Aunque estaba tan lejano y tan indiferente como siempre, aunque su comportamiento era igualmente frío, parecía tratarme con un poco más de cortesía que antes de que la víbora le mordiera. No me demostraba cordialidad, pero tampoco había vuelto a hablarme con tono severo. ¿Acaso era porque le había salvado la vida? Después de expresarme bruscamente su gratitud la mañana que le llevé el desayuno, no había vuelto a tocar el tema. Yo tampoco. Trataba de no cruzarme con él, pues tenía miedo de que, de alguna manera, yo misma me traicionara.

A Cassie ya se le habían pasado las náuseas que sentía todas la mañanas, y ahora estaba rebosante de salud, por lo que permití que le llevara el almuerzo a los campos. Yo todavía le servía la cena, pero lo hacía con discreción, sin decir palabra a menos que él me hablara primero.

No le había preparado más pasteles. Le atendía con eficiencia, tan silenciosamente como me era posible. Si podía evitarlo, Derek jamás sabría lo que yo sentía por él. Trataba firmemente de contener mis emociones, negándoles el derecho a florecer con libertad. Trabajar sin descanso me liberaba, y a eso me había dedicado por completo. Me obligaba a mí misma a trabajar como no lo había hecho jamás. Todo había marchado perfectamente durante las últimas seis semanas. Sólo esperaba que las cosas siguieran así.

Ya divisaba el río a lo lejos, a través de los árboles. Había una ancha ribera de arena y el agua era todavía una inmensa superficie de color azul verdoso que brillaba con el reflejo de la luz del sol.

Me quité los zapatos y caminé hundiendo los pies descalzos en la arena húmeda y blanda, saboreando todo el placer. Me quité el vestido y la enagua y los dejé junto con la toalla, sobre un viejo tronco caído. Completamente desnuda, con el jabón en la mano, me interné en el agua y caminé hasta que me llegó a la cintura.

Tenía una frescura deliciosa y renovadora y me entregué a, ella salpicándome, sintiéndome como si otra vez fuera una niña. El jabón que Mattie había hecho era blando y cremoso, con una suave fragancia de lilas. Jugaba con la espuma y la pasaba por los brazos, el pecho, el cabello. Estuve casi media hora bañándome y nadando, y al fin, de muy mala gana, salí del agua y me sequé.

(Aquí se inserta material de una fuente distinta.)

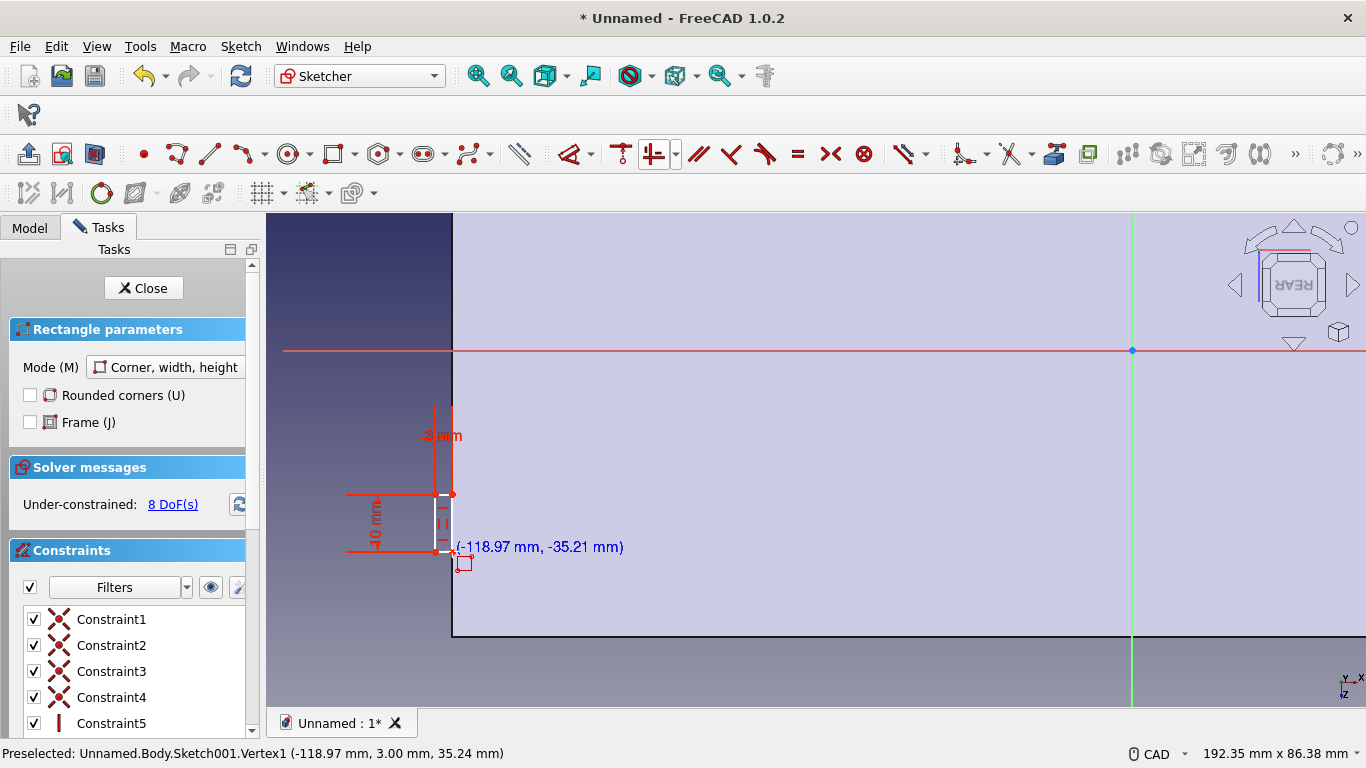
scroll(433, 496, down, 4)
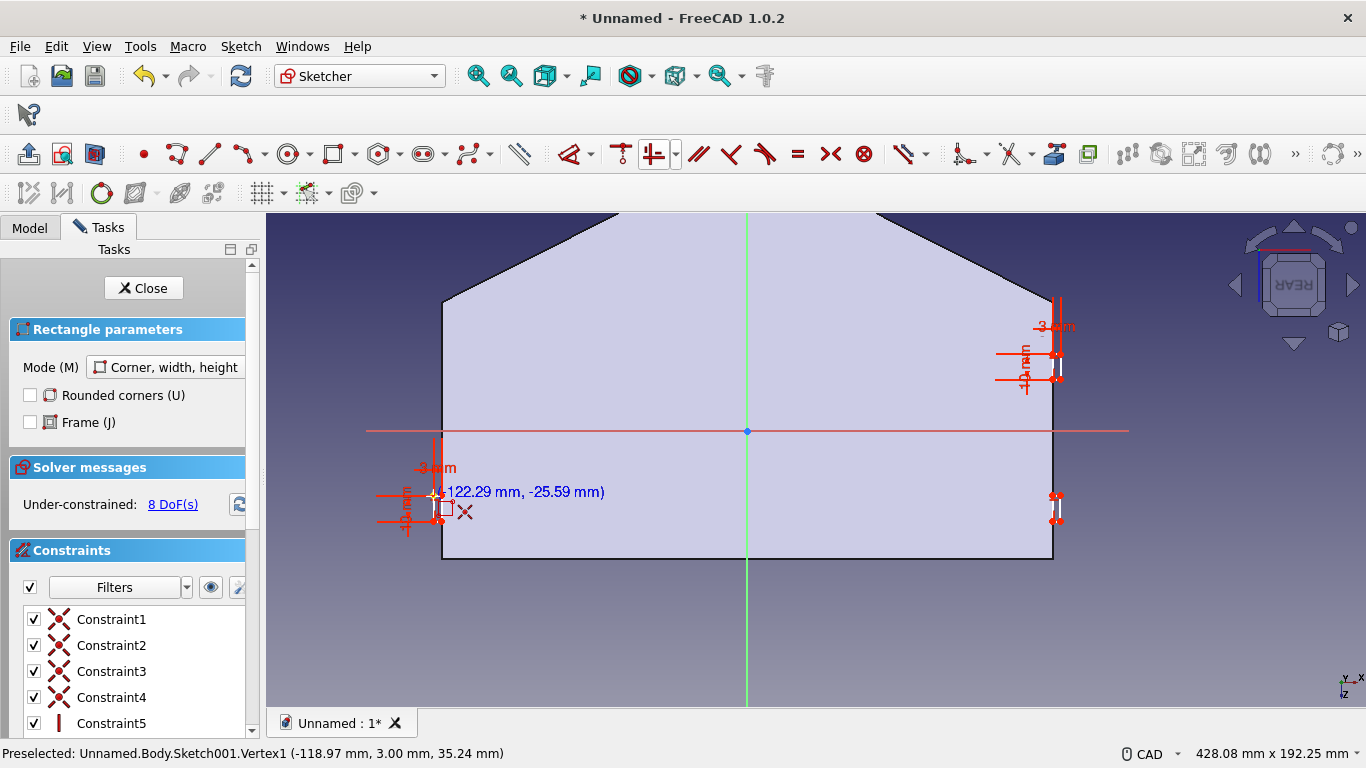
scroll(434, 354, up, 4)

Todavía tenía el cabello mojado y decidí tenderme al sol para que se secara antes de volver a ponerme la ropa. Descubrí una gran roca gris cerca del agua. Extendí sobre ella la toalla, me acosté de espaldas y levanté una rodilla. Rodeada de árboles y de agua, me sentía como una ninfa del bosque y sonreí al pensarlo.

Era muy difícil que alguien pudiera verme, y con satisfacción dejaba que los tibios rayos del sol me recorrieran el cuerpo. El agua bañaba suavemente las riberas. Se oyó el croar de una rana.

Los pájaros trinaban. Las hojas, movidas por el viento, parecían susurrar. Pocas veces en la vida me había sentido tan tranquila y tan feliz, y descubrí que la soledad era un placer incomparable después de un día agitado y lleno de ruido.

El sol comenzaba a descender por el horizonte, pero como aún faltaba una hora para que anocheciera cerré los ojos y dejé vagar mi mente. Pensé en Angie y me preguntaba qué habría sido de ella. Esperaba que se encontrara mejor que yo. Aquel joven granjero debía estar sirviéndola a ella. Me preguntaba si alguna vez volvería a ver a aquel duro y agresivo gorrioncito inglés. Los días que pasamos juntas en el barco parecían estar lejos, muy lejos. Y las experiencias que viví en el número 10 de Montagu Square parecían pertenecer a otro siglo. Podía pensar en todo eso sin rencor ni amargura. El pasado había quedado atrás, muy lejos, y el futuro se abría ante mí como un vago e incierto interrogante.

Debí quedarme dormida, porque cuando abrí los ojos el cabello estaba seco y ondulaba suavemente alrededor de la cabeza. Algo me había despertado. Un ruido extraño. De pronto me sentí incómoda; me senté, con la clara sensación de que alguien me observaba. Me sobresalté cuando oí relinchar un caballo y, al mirar hacia atrás, vi a Derek Hawke montado en uno de los de la granja, a varios metros de distancia. No había expresión alguna en su rostro. No había forma de saber cuánto tiempo llevaba allí. Me levanté y olvidé por un momento que estaba desnuda; él seguía mirándome sin reaccionar. El caballo pastaba la hierba que crecía al borde del bosque. Hawke estaba sentado con naturalidad sobre la silla, con las riendas flojas en una mano.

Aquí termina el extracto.